Your local council will also have specific guidelines on what you can put in each of your bins.
For items like wrapping paper, cards and packaging from foods you can usually pop them in your recycling bin – but check the labels first for instructions.
Some foil wrapping for instance can’t be recycled,or sheets with heavy glitter or other decorations.
The same goes with Christmas cards and crackers.
You generally want to follow the “scrunch test” for seeing if wrapping paper is suitable for recycling – if the paper stays scrunched in a ball it can be recycled.
But remove sticky tape and bows first.
For food waste, the usual rules apply.
You’ll want to get rid of any uneaten leftovers in a food waste bin, or your own composter.
Packaging will have instructions on whether it should go in a recycling bin or not.
Some supermarkets like Tesco offer recycling for soft packaging that isn’t collected by council recycling, so you don’t have to throw it in the normal waste.
But again, double check the rules where you live as they can vary.

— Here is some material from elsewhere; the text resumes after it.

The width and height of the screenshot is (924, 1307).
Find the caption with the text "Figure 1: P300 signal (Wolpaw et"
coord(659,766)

How to avoid hefty fines for getting it wrong
If you follow the rules you’ll be starting the new year with a smile, but if you get it wrong, you could have a rubbish one.

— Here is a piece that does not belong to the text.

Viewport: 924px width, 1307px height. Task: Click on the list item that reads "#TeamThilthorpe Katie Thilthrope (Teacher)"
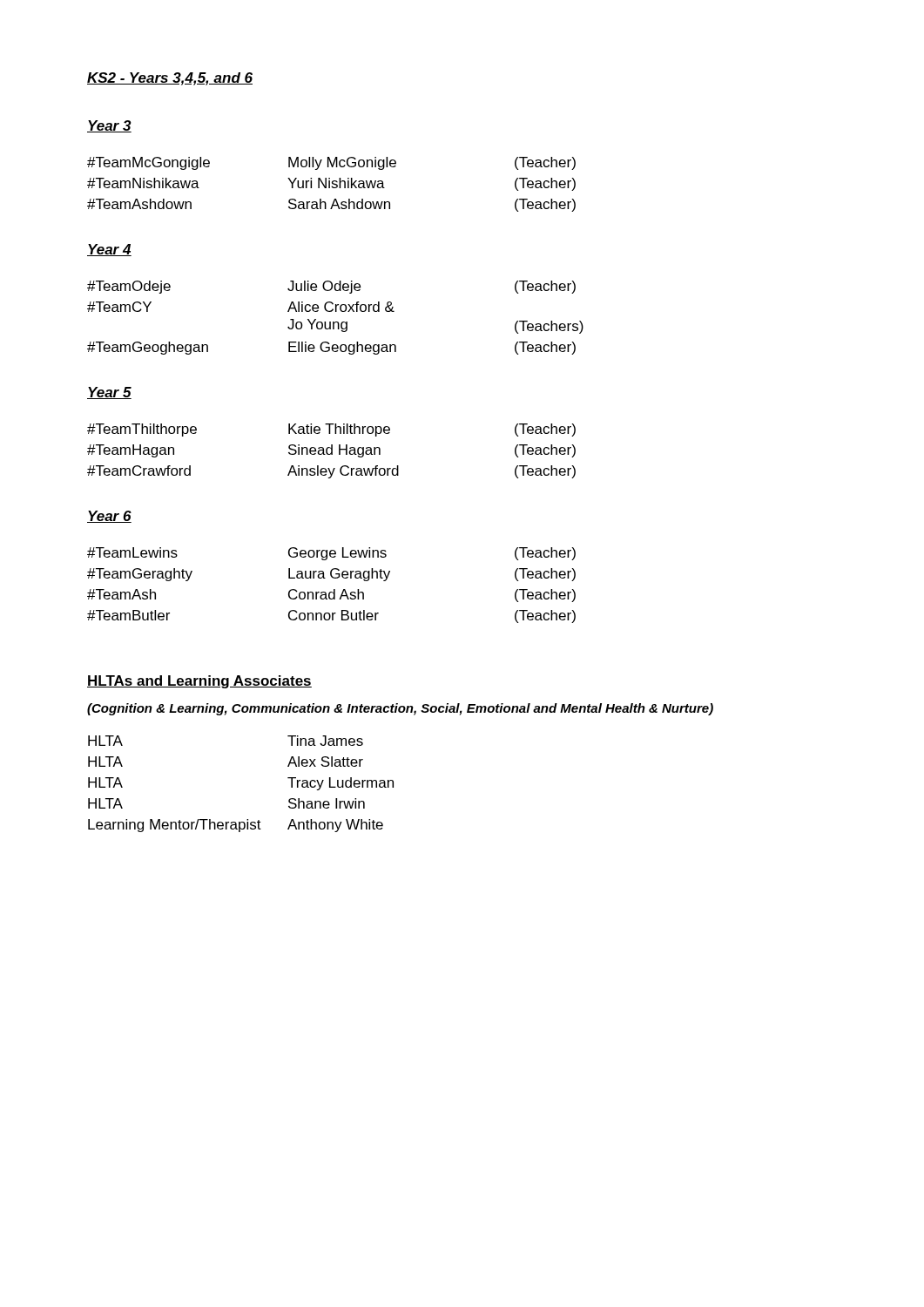tap(361, 430)

Disposing of your Christmas trash in the wrong way and you could be slapped with a fine for hundreds of pounds.
Several sites at supermarkets and in car parks offer recycling for reasonable amounts of cans, glass, paper and plastic.
If they are full don’t be tempted to leave your trash next to it as you could be issued a penalty for fly-tipping.

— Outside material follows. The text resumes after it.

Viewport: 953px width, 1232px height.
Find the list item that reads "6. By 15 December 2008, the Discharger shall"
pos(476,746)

You can also be fined up to £400 for dumping the wrong waste too.
North Herts council has issued a similar warning that residents face a £400 fine for fly-tipping if they don’t dispose of their rubbish in the right way.
The amount each local council can fine you varies, but it’s usually in the hundreds of pounds.
Meanwhile you could also be fined for dumping your Christmas Tree on the street.
Many councils offer kerbside recycling, but you need to follow the rules.
For example in Islington there are specific points to drop your tree between January 2 and 17.
If you leave it somewhere else, you could face a fly-tipping fine.
Some areas accept real Christmas trees disposed in garden waste bins, at recycling centres, or you could try planting it for using again next year.
Do you have a money problem that needs sorting? Get in touch by emailing [email protected]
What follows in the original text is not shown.